Your job is to copy the lines from the material that include "left".

INPUT MATERIAL:
..............................

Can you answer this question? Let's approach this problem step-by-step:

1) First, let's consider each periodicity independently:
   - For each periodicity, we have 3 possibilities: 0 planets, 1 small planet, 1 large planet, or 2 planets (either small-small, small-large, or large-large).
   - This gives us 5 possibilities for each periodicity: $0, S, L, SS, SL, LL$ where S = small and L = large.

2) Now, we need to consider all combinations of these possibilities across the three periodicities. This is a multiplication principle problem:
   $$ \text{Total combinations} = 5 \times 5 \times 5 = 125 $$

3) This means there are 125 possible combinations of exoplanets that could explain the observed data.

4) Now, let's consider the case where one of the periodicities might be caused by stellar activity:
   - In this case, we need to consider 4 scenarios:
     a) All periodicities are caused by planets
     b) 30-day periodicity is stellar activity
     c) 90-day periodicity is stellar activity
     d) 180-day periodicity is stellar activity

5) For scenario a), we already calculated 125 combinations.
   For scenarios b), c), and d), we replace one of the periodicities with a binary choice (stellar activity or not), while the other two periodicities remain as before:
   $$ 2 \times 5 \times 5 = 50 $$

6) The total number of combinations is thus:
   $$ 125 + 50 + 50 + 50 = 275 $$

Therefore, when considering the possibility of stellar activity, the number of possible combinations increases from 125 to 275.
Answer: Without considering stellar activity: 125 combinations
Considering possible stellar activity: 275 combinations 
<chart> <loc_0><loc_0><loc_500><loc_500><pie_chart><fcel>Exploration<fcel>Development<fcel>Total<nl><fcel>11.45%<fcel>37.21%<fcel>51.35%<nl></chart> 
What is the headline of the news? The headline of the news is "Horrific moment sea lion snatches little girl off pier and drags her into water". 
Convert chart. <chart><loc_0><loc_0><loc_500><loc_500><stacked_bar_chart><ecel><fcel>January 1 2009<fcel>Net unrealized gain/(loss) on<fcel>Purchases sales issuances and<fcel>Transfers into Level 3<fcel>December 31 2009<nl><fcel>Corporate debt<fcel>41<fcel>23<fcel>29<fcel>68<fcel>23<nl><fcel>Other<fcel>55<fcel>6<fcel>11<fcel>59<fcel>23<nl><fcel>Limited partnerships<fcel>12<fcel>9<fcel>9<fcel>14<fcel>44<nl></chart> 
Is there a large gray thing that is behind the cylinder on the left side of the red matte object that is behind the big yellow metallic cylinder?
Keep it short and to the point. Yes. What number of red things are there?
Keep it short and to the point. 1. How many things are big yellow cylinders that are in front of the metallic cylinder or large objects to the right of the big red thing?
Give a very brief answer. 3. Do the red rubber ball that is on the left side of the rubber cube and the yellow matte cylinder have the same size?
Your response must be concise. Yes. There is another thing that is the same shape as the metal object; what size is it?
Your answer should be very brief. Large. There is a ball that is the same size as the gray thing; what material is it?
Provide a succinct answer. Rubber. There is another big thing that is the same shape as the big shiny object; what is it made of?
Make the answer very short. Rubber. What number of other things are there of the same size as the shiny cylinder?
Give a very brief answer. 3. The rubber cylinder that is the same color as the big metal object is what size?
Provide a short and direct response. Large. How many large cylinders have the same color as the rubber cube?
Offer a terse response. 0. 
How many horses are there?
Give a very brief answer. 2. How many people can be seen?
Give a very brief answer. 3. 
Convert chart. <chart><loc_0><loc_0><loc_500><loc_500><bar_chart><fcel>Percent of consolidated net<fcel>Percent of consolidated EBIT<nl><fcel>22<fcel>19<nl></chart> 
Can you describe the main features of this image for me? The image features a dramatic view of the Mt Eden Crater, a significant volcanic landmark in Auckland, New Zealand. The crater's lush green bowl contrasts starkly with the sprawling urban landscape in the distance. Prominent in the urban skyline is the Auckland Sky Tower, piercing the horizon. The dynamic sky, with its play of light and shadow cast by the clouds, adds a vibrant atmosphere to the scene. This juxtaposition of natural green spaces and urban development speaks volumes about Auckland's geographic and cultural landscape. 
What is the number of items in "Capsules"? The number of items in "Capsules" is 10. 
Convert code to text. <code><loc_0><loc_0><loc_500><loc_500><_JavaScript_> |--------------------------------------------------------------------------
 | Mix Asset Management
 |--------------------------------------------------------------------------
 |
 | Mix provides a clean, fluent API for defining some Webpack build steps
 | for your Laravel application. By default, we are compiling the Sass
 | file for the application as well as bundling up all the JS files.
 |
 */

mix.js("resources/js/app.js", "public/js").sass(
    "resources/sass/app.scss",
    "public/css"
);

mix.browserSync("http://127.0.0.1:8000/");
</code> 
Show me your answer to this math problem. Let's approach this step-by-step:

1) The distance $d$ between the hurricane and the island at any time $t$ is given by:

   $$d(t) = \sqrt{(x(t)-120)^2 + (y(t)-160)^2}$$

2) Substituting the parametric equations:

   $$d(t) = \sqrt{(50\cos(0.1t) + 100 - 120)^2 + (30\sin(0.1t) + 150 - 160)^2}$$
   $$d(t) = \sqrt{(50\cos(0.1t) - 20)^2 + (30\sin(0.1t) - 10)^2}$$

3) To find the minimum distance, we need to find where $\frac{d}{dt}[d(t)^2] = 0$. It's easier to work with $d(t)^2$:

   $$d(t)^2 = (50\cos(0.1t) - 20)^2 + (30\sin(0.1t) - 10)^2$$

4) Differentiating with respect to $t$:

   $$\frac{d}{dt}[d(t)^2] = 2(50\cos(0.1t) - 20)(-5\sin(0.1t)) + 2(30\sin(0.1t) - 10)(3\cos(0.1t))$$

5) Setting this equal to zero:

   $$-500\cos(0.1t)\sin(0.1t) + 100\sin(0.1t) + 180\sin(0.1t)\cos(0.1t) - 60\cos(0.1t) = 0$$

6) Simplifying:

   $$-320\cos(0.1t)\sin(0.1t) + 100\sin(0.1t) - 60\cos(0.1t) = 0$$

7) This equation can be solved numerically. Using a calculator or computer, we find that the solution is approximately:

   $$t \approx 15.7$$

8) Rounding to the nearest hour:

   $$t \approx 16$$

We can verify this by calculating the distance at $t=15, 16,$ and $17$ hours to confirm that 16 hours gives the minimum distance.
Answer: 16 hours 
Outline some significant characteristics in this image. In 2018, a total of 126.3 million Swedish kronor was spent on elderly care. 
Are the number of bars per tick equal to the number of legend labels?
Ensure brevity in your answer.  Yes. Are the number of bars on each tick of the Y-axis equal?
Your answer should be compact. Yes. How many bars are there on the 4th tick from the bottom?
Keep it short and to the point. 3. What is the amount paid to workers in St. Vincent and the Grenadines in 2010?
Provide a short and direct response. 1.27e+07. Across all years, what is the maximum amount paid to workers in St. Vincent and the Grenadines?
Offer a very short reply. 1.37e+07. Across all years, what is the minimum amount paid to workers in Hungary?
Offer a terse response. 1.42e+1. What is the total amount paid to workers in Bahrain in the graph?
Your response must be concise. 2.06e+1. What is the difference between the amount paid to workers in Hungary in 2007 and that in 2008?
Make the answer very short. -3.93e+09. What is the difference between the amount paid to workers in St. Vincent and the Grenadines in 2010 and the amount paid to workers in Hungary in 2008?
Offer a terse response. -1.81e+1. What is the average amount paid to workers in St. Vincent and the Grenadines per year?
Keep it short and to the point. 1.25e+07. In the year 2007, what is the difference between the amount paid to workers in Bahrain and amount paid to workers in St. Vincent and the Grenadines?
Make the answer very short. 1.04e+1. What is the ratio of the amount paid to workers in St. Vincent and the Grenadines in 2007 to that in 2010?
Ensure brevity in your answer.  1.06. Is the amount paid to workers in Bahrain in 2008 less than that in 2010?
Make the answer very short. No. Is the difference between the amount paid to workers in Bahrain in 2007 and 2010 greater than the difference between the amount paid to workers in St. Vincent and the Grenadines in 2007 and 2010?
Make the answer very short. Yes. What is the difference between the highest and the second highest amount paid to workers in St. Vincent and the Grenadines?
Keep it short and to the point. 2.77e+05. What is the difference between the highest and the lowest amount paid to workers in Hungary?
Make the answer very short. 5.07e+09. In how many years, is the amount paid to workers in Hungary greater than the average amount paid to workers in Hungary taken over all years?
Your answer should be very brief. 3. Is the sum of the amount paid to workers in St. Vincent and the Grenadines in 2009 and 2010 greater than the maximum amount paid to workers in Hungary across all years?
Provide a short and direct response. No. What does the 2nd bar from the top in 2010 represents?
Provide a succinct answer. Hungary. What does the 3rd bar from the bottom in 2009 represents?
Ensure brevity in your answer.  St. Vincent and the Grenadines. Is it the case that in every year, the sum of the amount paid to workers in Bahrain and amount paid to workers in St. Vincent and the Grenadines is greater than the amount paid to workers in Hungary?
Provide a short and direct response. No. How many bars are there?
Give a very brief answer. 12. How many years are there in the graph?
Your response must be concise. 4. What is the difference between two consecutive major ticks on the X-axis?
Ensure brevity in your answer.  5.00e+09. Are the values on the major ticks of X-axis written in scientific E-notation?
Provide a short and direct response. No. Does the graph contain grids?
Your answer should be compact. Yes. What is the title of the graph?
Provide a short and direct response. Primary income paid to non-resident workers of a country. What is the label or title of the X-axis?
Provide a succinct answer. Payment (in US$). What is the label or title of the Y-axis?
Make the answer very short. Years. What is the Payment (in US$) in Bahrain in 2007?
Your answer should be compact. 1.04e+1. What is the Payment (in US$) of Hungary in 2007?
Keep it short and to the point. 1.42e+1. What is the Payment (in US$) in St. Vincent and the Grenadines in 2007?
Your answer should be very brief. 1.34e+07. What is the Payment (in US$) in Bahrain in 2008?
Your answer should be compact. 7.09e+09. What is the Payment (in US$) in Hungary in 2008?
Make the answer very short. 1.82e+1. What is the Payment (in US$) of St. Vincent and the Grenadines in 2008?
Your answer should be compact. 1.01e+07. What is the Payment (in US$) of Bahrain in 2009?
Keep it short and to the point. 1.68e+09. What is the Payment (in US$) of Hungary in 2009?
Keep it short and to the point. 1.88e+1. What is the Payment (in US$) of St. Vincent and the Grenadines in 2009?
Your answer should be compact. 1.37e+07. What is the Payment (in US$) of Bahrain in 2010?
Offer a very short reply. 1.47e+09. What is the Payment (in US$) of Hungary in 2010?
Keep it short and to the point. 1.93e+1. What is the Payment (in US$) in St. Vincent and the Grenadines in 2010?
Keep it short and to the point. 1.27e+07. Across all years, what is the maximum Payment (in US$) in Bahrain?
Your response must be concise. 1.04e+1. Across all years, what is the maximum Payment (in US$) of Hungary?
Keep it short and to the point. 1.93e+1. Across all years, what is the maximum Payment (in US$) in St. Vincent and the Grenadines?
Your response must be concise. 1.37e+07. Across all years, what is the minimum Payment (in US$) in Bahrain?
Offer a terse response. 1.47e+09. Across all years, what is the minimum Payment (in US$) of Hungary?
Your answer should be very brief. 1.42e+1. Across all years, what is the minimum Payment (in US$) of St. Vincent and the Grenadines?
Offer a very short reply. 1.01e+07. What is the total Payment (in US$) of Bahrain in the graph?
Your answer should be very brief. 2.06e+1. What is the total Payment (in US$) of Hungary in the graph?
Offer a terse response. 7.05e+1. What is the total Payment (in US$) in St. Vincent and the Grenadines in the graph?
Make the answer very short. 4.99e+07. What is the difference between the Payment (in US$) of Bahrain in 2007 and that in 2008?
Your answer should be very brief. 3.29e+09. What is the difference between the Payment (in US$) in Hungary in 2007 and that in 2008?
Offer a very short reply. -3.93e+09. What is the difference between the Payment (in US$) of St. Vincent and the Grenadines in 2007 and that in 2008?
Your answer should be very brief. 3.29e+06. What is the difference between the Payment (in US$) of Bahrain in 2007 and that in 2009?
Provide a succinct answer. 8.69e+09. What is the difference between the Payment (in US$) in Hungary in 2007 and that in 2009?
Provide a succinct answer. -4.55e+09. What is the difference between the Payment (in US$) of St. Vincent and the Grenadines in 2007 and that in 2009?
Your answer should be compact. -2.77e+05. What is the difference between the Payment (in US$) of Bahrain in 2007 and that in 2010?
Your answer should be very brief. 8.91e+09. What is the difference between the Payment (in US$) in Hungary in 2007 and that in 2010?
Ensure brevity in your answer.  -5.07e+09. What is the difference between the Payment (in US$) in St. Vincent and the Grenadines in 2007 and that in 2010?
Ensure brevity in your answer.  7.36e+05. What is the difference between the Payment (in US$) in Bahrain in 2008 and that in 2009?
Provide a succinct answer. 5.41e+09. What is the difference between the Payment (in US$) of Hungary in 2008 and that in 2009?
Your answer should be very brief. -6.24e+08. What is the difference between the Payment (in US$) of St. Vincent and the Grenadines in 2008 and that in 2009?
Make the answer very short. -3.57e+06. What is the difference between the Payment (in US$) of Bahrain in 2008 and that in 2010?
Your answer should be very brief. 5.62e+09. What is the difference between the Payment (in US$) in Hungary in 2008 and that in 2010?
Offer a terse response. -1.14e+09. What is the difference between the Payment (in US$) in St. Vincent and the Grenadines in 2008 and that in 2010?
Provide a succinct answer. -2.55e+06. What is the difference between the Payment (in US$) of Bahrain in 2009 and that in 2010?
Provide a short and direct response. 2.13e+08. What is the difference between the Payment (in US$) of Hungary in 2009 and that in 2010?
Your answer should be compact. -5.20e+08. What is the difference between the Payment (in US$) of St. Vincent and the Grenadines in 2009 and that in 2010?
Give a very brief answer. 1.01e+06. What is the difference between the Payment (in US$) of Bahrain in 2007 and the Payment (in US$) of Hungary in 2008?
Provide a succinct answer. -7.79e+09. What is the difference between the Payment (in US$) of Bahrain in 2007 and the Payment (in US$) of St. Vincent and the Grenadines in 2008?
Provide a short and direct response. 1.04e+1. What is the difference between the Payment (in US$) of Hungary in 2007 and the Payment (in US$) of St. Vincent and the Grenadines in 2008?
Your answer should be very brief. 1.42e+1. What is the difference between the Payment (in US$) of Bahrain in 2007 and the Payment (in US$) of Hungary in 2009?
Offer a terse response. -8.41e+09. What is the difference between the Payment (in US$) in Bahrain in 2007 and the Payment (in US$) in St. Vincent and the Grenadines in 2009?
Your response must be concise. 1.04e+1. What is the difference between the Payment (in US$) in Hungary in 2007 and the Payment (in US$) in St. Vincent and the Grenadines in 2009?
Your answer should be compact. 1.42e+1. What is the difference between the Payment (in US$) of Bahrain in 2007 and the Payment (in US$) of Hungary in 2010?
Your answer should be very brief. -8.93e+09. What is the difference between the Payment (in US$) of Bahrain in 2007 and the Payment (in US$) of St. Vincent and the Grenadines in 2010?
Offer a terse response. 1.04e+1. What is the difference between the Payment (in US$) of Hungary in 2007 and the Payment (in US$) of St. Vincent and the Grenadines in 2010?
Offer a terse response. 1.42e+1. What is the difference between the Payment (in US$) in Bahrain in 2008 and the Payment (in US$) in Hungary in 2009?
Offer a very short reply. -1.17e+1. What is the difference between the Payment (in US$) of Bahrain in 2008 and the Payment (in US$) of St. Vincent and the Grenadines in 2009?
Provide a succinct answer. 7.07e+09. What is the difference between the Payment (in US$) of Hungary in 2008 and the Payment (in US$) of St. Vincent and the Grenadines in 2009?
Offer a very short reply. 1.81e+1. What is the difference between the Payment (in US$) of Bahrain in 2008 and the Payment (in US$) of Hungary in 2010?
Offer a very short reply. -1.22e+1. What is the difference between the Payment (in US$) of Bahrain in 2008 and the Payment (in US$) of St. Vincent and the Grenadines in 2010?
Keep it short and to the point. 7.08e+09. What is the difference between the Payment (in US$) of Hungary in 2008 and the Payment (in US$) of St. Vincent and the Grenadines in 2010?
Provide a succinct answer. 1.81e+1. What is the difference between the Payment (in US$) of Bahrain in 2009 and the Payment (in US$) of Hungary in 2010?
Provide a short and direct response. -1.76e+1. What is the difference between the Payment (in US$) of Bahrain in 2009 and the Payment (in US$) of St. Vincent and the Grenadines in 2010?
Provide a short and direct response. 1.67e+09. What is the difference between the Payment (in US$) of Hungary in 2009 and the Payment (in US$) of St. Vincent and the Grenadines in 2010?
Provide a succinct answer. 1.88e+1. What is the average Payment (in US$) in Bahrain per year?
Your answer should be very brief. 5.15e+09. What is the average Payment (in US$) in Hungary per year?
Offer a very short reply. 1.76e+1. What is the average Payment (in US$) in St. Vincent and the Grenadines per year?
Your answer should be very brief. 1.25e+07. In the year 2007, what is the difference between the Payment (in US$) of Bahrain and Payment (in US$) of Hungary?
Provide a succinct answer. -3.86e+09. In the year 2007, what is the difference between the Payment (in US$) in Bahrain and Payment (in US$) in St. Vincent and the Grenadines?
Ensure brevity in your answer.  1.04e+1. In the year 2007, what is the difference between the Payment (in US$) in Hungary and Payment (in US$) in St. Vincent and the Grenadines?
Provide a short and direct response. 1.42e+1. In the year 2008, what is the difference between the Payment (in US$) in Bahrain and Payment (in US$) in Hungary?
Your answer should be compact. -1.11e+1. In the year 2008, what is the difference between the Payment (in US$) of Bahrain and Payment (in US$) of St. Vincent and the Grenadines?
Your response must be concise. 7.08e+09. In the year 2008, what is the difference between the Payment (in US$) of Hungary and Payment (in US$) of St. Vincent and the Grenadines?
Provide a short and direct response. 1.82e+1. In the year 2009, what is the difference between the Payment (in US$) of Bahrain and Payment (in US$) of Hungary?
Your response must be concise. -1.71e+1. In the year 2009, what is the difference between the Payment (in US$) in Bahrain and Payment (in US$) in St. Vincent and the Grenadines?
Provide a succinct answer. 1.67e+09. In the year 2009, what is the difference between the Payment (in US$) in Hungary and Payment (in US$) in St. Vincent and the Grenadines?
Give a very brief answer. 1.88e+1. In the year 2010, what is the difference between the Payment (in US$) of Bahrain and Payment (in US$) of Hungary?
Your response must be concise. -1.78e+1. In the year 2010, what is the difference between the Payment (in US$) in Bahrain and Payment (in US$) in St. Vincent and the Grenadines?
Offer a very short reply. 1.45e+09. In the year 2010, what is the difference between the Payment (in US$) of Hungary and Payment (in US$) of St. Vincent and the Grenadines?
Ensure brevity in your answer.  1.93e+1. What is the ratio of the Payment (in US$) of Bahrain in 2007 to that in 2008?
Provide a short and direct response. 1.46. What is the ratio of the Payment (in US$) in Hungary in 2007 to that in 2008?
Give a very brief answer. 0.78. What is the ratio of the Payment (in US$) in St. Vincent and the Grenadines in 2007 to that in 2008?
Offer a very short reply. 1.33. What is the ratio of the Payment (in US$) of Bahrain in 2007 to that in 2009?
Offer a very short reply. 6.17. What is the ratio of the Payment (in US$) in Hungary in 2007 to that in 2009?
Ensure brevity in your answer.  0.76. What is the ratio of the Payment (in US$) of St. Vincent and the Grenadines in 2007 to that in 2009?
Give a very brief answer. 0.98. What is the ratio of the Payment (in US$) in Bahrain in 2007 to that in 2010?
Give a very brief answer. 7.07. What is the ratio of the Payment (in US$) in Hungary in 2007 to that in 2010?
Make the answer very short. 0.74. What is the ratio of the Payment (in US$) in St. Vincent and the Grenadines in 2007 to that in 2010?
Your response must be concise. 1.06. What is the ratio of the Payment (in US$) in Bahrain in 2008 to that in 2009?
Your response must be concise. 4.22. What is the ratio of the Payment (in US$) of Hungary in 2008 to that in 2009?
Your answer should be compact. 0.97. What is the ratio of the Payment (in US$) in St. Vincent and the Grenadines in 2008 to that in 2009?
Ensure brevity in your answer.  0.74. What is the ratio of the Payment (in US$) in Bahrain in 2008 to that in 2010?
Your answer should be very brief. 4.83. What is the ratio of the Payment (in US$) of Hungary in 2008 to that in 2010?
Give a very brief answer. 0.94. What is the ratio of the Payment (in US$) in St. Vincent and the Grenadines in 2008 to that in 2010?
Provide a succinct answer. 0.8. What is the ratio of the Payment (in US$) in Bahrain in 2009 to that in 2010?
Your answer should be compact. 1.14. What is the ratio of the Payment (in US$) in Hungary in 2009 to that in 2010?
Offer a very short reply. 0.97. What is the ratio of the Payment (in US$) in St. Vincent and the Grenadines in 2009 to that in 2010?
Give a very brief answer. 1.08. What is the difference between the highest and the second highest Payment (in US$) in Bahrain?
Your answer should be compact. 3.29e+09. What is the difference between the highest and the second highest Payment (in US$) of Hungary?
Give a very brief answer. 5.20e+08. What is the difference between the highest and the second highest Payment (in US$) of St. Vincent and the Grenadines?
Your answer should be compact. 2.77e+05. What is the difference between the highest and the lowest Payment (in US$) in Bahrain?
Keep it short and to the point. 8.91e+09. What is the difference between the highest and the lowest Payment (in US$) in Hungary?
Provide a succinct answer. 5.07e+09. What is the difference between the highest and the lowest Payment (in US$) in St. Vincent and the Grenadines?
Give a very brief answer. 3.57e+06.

..............................

ANSWER TO THIS TASK:
Is there a large gray thing that is behind the cylinder on the left side of the red matte object that is behind the big yellow metallic cylinder?
Give a very brief answer. 3. Do the red rubber ball that is on the left side of the rubber cube and the yellow matte cylinder have the same size?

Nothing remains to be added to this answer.